Due to introduction of Kerberos authentication, wmfdata switched to using PySpark to run SQL queries against Hive databases.

However, we are encountering some significant issues with Spark as a backend; this task tracks those issues.

Related Objects
Search...

Status	Assigned	Task
Resolved	nshahquinn-wmf	T245891 Analysts cannot reliably use wmfdata to run SQL queries against Hive databases
Resolved	nshahquinn-wmf	T245097 Update wmfdata to use sensible Spark settings
Resolved	nshahquinn-wmf	T245713 wmfdata cannot recover from a crashed Spark session
Declined	None	T245892 Spark application UI shows data for different application
Declined	nshahquinn-wmf	T245896 Spark applications crash when running large queries
Resolved	JAllemandou	T245897 Give clear recommendations for Spark settings
Resolved	nshahquinn-wmf	T246060 Update wmfdata to support multiple SQL engines for Hive databases
Resolved	elukey	T246132 Spark sessions can provision kerberos tickets in a more predictable manner
Declined	nshahquinn-wmf	T247103 wmfdata's Kerberos check should require at least 8 hours of validity

Event Timeline

nshahquinn-wmf created this task.Feb 21 2020, 11:51 PM

nshahquinn-wmf updated the task description. (Show Details)

nshahquinn-wmf added subtasks: T245097: Update wmfdata to use sensible Spark settings , T245713: wmfdata cannot recover from a crashed Spark session.

nshahquinn-wmf renamed this task from Spark query issues to Analysts cannot reliably use Spark to run SQL queries against Hive databases.Feb 22 2020, 12:05 AM

nshahquinn-wmf claimed this task.

nshahquinn-wmf updated the task description. (Show Details)

nshahquinn-wmf added a subscriber: Ottomata.

nshahquinn-wmf added a subscriber: elukey.
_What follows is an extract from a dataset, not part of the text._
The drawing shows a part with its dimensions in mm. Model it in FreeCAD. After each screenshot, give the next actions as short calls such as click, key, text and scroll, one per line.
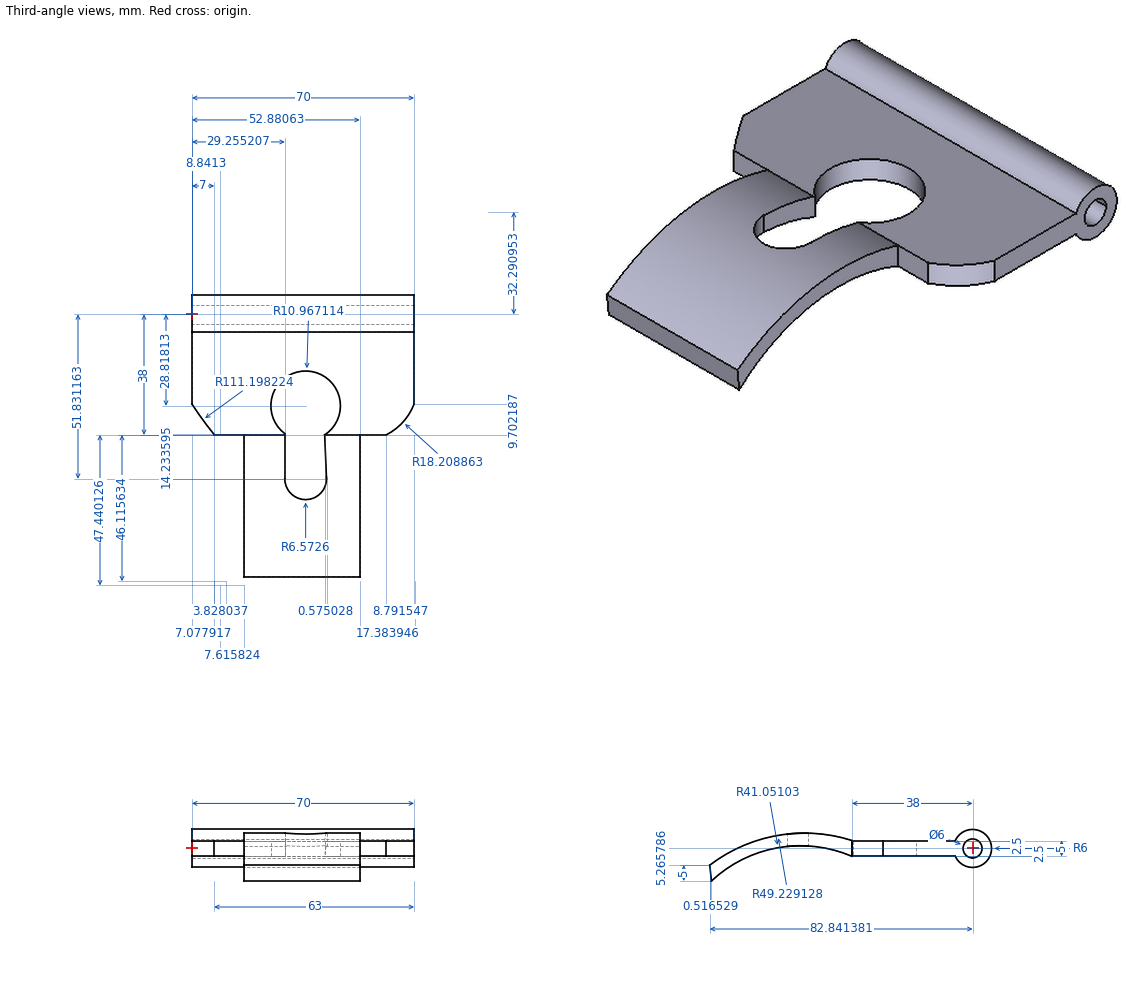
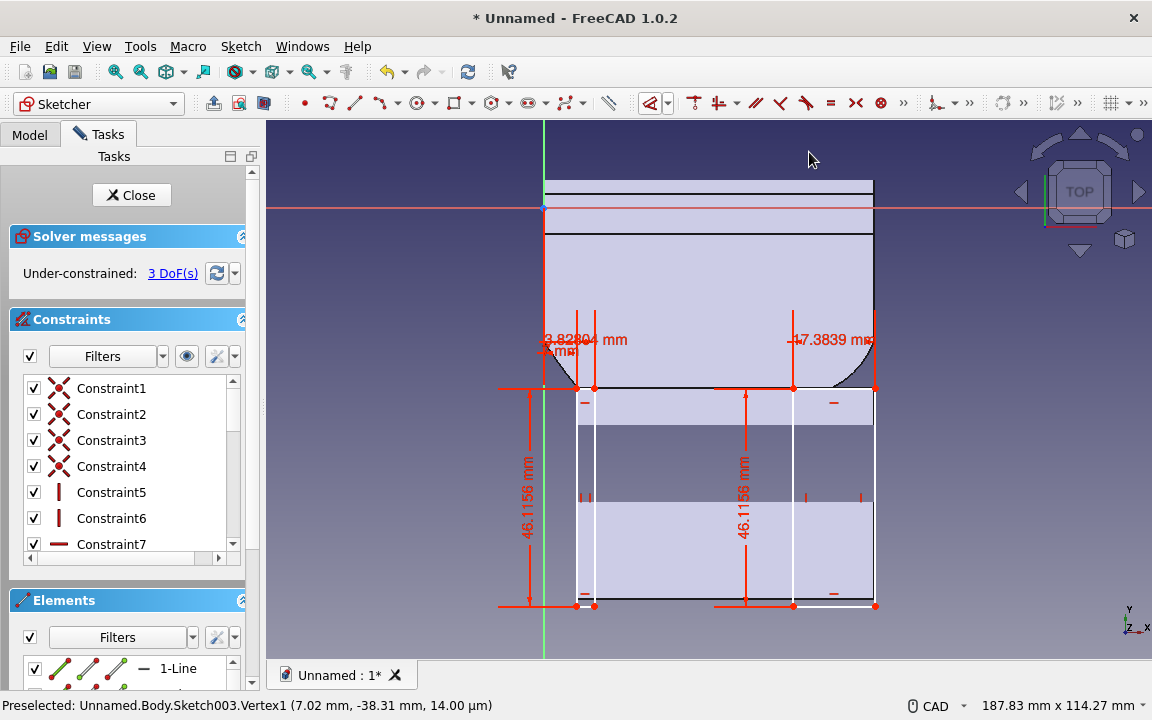
click(577, 389)

nshahquinn-wmf edited projects, added Epic; removed Tracking-Neverending.Feb 22 2020, 12:14 AM

nshahquinn-wmf updated the task description. (Show Details)

@kzimmerman I'm making Phab reflect reality as this is having significant impacts on our work and I've been investigating it extensively for the past couple of weeks. Please let me know if we should discuss deprioritizing this.

I'm also trying to get a handle on the various issues that are happening because they don't manifest predictably, so I'll be refining the breakdown here as I gain a better understanding.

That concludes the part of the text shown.